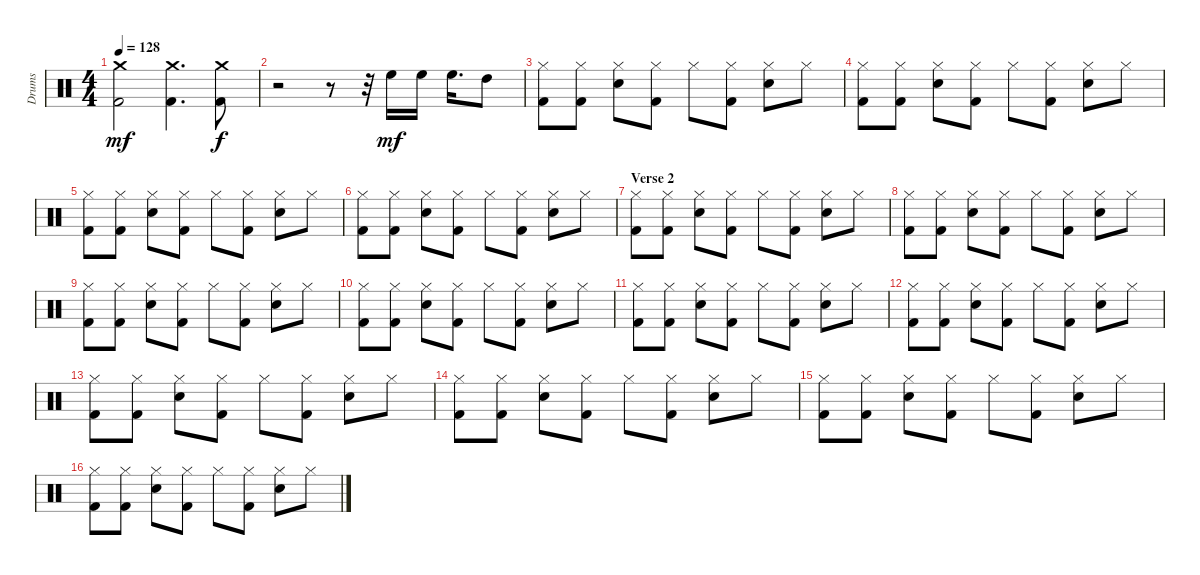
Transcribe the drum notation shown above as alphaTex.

\track ("Drums" "Drums") {instrument percussion}
\staff {score}
\articulation defaults
\ts (4 4)
\tempo 128
\clef neutral
\ks c
("Crash medium (hit)" "Kick (hit) 2").2{dy mf} ("Crash medium (hit)" "Kick (hit) 2").4{d} ("Crash medium (hit)" "Kick (hit) 2").8{dy f} |
r.2 r.8 r.32 "High Floor Tom (hit)".16{dy mf} "High Floor Tom (hit)".16 "High Floor Tom (hit)".16{d} "High Tom (hit)".8 |
("Hi-Hat (closed)" "Kick (hit) 2").8 ("Hi-Hat (closed)" "Kick (hit) 2").8 ("Hi-Hat (closed)" "Snare (hit) 2").8 ("Hi-Hat (closed)" "Kick (hit) 2").8 "Hi-Hat (closed)".8 ("Hi-Hat (closed)" "Kick (hit) 2").8 ("Hi-Hat (closed)" "Snare (hit) 2").8 "Hi-Hat (closed)".8 |
("Hi-Hat (closed)" "Kick (hit) 2").8 ("Hi-Hat (closed)" "Kick (hit) 2").8 ("Hi-Hat (closed)" "Snare (hit) 2").8 ("Hi-Hat (closed)" "Kick (hit) 2").8 "Hi-Hat (closed)".8 ("Hi-Hat (closed)" "Kick (hit) 2").8 ("Hi-Hat (closed)" "Snare (hit) 2").8 "Hi-Hat (closed)".8 |
("Hi-Hat (closed)" "Kick (hit) 2").8 ("Hi-Hat (closed)" "Kick (hit) 2").8 ("Hi-Hat (closed)" "Snare (hit) 2").8 ("Hi-Hat (closed)" "Kick (hit) 2").8 "Hi-Hat (closed)".8 ("Hi-Hat (closed)" "Kick (hit) 2").8 ("Hi-Hat (closed)" "Snare (hit) 2").8 "Hi-Hat (closed)".8 |
("Hi-Hat (closed)" "Kick (hit) 2").8 ("Hi-Hat (closed)" "Kick (hit) 2").8 ("Hi-Hat (closed)" "Snare (hit) 2").8 ("Hi-Hat (closed)" "Kick (hit) 2").8 "Hi-Hat (closed)".8 ("Hi-Hat (closed)" "Kick (hit) 2").8 ("Hi-Hat (closed)" "Snare (hit) 2").8 "Hi-Hat (closed)".8 |
\section ("" "Verse 2")
("Hi-Hat (closed)" "Kick (hit) 2").8 ("Hi-Hat (closed)" "Kick (hit) 2").8 ("Hi-Hat (closed)" "Snare (hit) 2").8 ("Hi-Hat (closed)" "Kick (hit) 2").8 "Hi-Hat (closed)".8 ("Hi-Hat (closed)" "Kick (hit) 2").8 ("Hi-Hat (closed)" "Snare (hit) 2").8 "Hi-Hat (closed)".8 |
("Hi-Hat (closed)" "Kick (hit) 2").8 ("Hi-Hat (closed)" "Kick (hit) 2").8 ("Hi-Hat (closed)" "Snare (hit) 2").8 ("Hi-Hat (closed)" "Kick (hit) 2").8 "Hi-Hat (closed)".8 ("Hi-Hat (closed)" "Kick (hit) 2").8 ("Hi-Hat (closed)" "Snare (hit) 2").8 "Hi-Hat (closed)".8 |
("Hi-Hat (closed)" "Kick (hit) 2").8 ("Hi-Hat (closed)" "Kick (hit) 2").8 ("Hi-Hat (closed)" "Snare (hit) 2").8 ("Hi-Hat (closed)" "Kick (hit) 2").8 "Hi-Hat (closed)".8 ("Hi-Hat (closed)" "Kick (hit) 2").8 ("Hi-Hat (closed)" "Snare (hit) 2").8 "Hi-Hat (closed)".8 |
("Hi-Hat (closed)" "Kick (hit) 2").8 ("Hi-Hat (closed)" "Kick (hit) 2").8 ("Hi-Hat (closed)" "Snare (hit) 2").8 ("Hi-Hat (closed)" "Kick (hit) 2").8 "Hi-Hat (closed)".8 ("Hi-Hat (closed)" "Kick (hit) 2").8 ("Hi-Hat (closed)" "Snare (hit) 2").8 "Hi-Hat (closed)".8 |
("Hi-Hat (closed)" "Kick (hit) 2").8 ("Hi-Hat (closed)" "Kick (hit) 2").8 ("Hi-Hat (closed)" "Snare (hit) 2").8 ("Hi-Hat (closed)" "Kick (hit) 2").8 "Hi-Hat (closed)".8 ("Hi-Hat (closed)" "Kick (hit) 2").8 ("Hi-Hat (closed)" "Snare (hit) 2").8 "Hi-Hat (closed)".8 |
("Hi-Hat (closed)" "Kick (hit) 2").8 ("Hi-Hat (closed)" "Kick (hit) 2").8 ("Hi-Hat (closed)" "Snare (hit) 2").8 ("Hi-Hat (closed)" "Kick (hit) 2").8 "Hi-Hat (closed)".8 ("Hi-Hat (closed)" "Kick (hit) 2").8 ("Hi-Hat (closed)" "Snare (hit) 2").8 "Hi-Hat (closed)".8 |
("Hi-Hat (closed)" "Kick (hit) 2").8 ("Hi-Hat (closed)" "Kick (hit) 2").8 ("Hi-Hat (closed)" "Snare (hit) 2").8 ("Hi-Hat (closed)" "Kick (hit) 2").8 "Hi-Hat (closed)".8 ("Hi-Hat (closed)" "Kick (hit) 2").8 ("Hi-Hat (closed)" "Snare (hit) 2").8 "Hi-Hat (closed)".8 |
("Hi-Hat (closed)" "Kick (hit) 2").8 ("Hi-Hat (closed)" "Kick (hit) 2").8 ("Hi-Hat (closed)" "Snare (hit) 2").8 ("Hi-Hat (closed)" "Kick (hit) 2").8 "Hi-Hat (closed)".8 ("Hi-Hat (closed)" "Kick (hit) 2").8 ("Hi-Hat (closed)" "Snare (hit) 2").8 "Hi-Hat (closed)".8 |
("Hi-Hat (closed)" "Kick (hit) 2").8 ("Hi-Hat (closed)" "Kick (hit) 2").8 ("Hi-Hat (closed)" "Snare (hit) 2").8 ("Hi-Hat (closed)" "Kick (hit) 2").8 "Hi-Hat (closed)".8 ("Hi-Hat (closed)" "Kick (hit) 2").8 ("Hi-Hat (closed)" "Snare (hit) 2").8 "Hi-Hat (closed)".8 |
("Hi-Hat (closed)" "Kick (hit) 2").8 ("Hi-Hat (closed)" "Kick (hit) 2").8 ("Hi-Hat (closed)" "Snare (hit) 2").8 ("Hi-Hat (closed)" "Kick (hit) 2").8 "Hi-Hat (closed)".8 ("Hi-Hat (closed)" "Kick (hit) 2").8 ("Hi-Hat (closed)" "Snare (hit) 2").8 "Hi-Hat (closed)".8

* _Task goal_
Go through the entries and retype each one exactly, skipping any image.

* _Answer to this problem_
Transcribe the drum notation shown above as alphaTex.

\track ("Drums" "Drums") {instrument percussion}
\staff {score}
\articulation defaults
\ts (4 4)
\tempo 128
\clef neutral
\ks c
("Crash medium (hit)" "Kick (hit) 2").2{dy mf} ("Crash medium (hit)" "Kick (hit) 2").4{d} ("Crash medium (hit)" "Kick (hit) 2").8{dy f} |
r.2 r.8 r.32 "High Floor Tom (hit)".16{dy mf} "High Floor Tom (hit)".16 "High Floor Tom (hit)".16{d} "High Tom (hit)".8 |
("Hi-Hat (closed)" "Kick (hit) 2").8 ("Hi-Hat (closed)" "Kick (hit) 2").8 ("Hi-Hat (closed)" "Snare (hit) 2").8 ("Hi-Hat (closed)" "Kick (hit) 2").8 "Hi-Hat (closed)".8 ("Hi-Hat (closed)" "Kick (hit) 2").8 ("Hi-Hat (closed)" "Snare (hit) 2").8 "Hi-Hat (closed)".8 |
("Hi-Hat (closed)" "Kick (hit) 2").8 ("Hi-Hat (closed)" "Kick (hit) 2").8 ("Hi-Hat (closed)" "Snare (hit) 2").8 ("Hi-Hat (closed)" "Kick (hit) 2").8 "Hi-Hat (closed)".8 ("Hi-Hat (closed)" "Kick (hit) 2").8 ("Hi-Hat (closed)" "Snare (hit) 2").8 "Hi-Hat (closed)".8 |
("Hi-Hat (closed)" "Kick (hit) 2").8 ("Hi-Hat (closed)" "Kick (hit) 2").8 ("Hi-Hat (closed)" "Snare (hit) 2").8 ("Hi-Hat (closed)" "Kick (hit) 2").8 "Hi-Hat (closed)".8 ("Hi-Hat (closed)" "Kick (hit) 2").8 ("Hi-Hat (closed)" "Snare (hit) 2").8 "Hi-Hat (closed)".8 |
("Hi-Hat (closed)" "Kick (hit) 2").8 ("Hi-Hat (closed)" "Kick (hit) 2").8 ("Hi-Hat (closed)" "Snare (hit) 2").8 ("Hi-Hat (closed)" "Kick (hit) 2").8 "Hi-Hat (closed)".8 ("Hi-Hat (closed)" "Kick (hit) 2").8 ("Hi-Hat (closed)" "Snare (hit) 2").8 "Hi-Hat (closed)".8 |
\section ("" "Verse 2")
("Hi-Hat (closed)" "Kick (hit) 2").8 ("Hi-Hat (closed)" "Kick (hit) 2").8 ("Hi-Hat (closed)" "Snare (hit) 2").8 ("Hi-Hat (closed)" "Kick (hit) 2").8 "Hi-Hat (closed)".8 ("Hi-Hat (closed)" "Kick (hit) 2").8 ("Hi-Hat (closed)" "Snare (hit) 2").8 "Hi-Hat (closed)".8 |
("Hi-Hat (closed)" "Kick (hit) 2").8 ("Hi-Hat (closed)" "Kick (hit) 2").8 ("Hi-Hat (closed)" "Snare (hit) 2").8 ("Hi-Hat (closed)" "Kick (hit) 2").8 "Hi-Hat (closed)".8 ("Hi-Hat (closed)" "Kick (hit) 2").8 ("Hi-Hat (closed)" "Snare (hit) 2").8 "Hi-Hat (closed)".8 |
("Hi-Hat (closed)" "Kick (hit) 2").8 ("Hi-Hat (closed)" "Kick (hit) 2").8 ("Hi-Hat (closed)" "Snare (hit) 2").8 ("Hi-Hat (closed)" "Kick (hit) 2").8 "Hi-Hat (closed)".8 ("Hi-Hat (closed)" "Kick (hit) 2").8 ("Hi-Hat (closed)" "Snare (hit) 2").8 "Hi-Hat (closed)".8 |
("Hi-Hat (closed)" "Kick (hit) 2").8 ("Hi-Hat (closed)" "Kick (hit) 2").8 ("Hi-Hat (closed)" "Snare (hit) 2").8 ("Hi-Hat (closed)" "Kick (hit) 2").8 "Hi-Hat (closed)".8 ("Hi-Hat (closed)" "Kick (hit) 2").8 ("Hi-Hat (closed)" "Snare (hit) 2").8 "Hi-Hat (closed)".8 |
("Hi-Hat (closed)" "Kick (hit) 2").8 ("Hi-Hat (closed)" "Kick (hit) 2").8 ("Hi-Hat (closed)" "Snare (hit) 2").8 ("Hi-Hat (closed)" "Kick (hit) 2").8 "Hi-Hat (closed)".8 ("Hi-Hat (closed)" "Kick (hit) 2").8 ("Hi-Hat (closed)" "Snare (hit) 2").8 "Hi-Hat (closed)".8 |
("Hi-Hat (closed)" "Kick (hit) 2").8 ("Hi-Hat (closed)" "Kick (hit) 2").8 ("Hi-Hat (closed)" "Snare (hit) 2").8 ("Hi-Hat (closed)" "Kick (hit) 2").8 "Hi-Hat (closed)".8 ("Hi-Hat (closed)" "Kick (hit) 2").8 ("Hi-Hat (closed)" "Snare (hit) 2").8 "Hi-Hat (closed)".8 |
("Hi-Hat (closed)" "Kick (hit) 2").8 ("Hi-Hat (closed)" "Kick (hit) 2").8 ("Hi-Hat (closed)" "Snare (hit) 2").8 ("Hi-Hat (closed)" "Kick (hit) 2").8 "Hi-Hat (closed)".8 ("Hi-Hat (closed)" "Kick (hit) 2").8 ("Hi-Hat (closed)" "Snare (hit) 2").8 "Hi-Hat (closed)".8 |
("Hi-Hat (closed)" "Kick (hit) 2").8 ("Hi-Hat (closed)" "Kick (hit) 2").8 ("Hi-Hat (closed)" "Snare (hit) 2").8 ("Hi-Hat (closed)" "Kick (hit) 2").8 "Hi-Hat (closed)".8 ("Hi-Hat (closed)" "Kick (hit) 2").8 ("Hi-Hat (closed)" "Snare (hit) 2").8 "Hi-Hat (closed)".8 |
("Hi-Hat (closed)" "Kick (hit) 2").8 ("Hi-Hat (closed)" "Kick (hit) 2").8 ("Hi-Hat (closed)" "Snare (hit) 2").8 ("Hi-Hat (closed)" "Kick (hit) 2").8 "Hi-Hat (closed)".8 ("Hi-Hat (closed)" "Kick (hit) 2").8 ("Hi-Hat (closed)" "Snare (hit) 2").8 "Hi-Hat (closed)".8 |
("Hi-Hat (closed)" "Kick (hit) 2").8 ("Hi-Hat (closed)" "Kick (hit) 2").8 ("Hi-Hat (closed)" "Snare (hit) 2").8 ("Hi-Hat (closed)" "Kick (hit) 2").8 "Hi-Hat (closed)".8 ("Hi-Hat (closed)" "Kick (hit) 2").8 ("Hi-Hat (closed)" "Snare (hit) 2").8 "Hi-Hat (closed)".8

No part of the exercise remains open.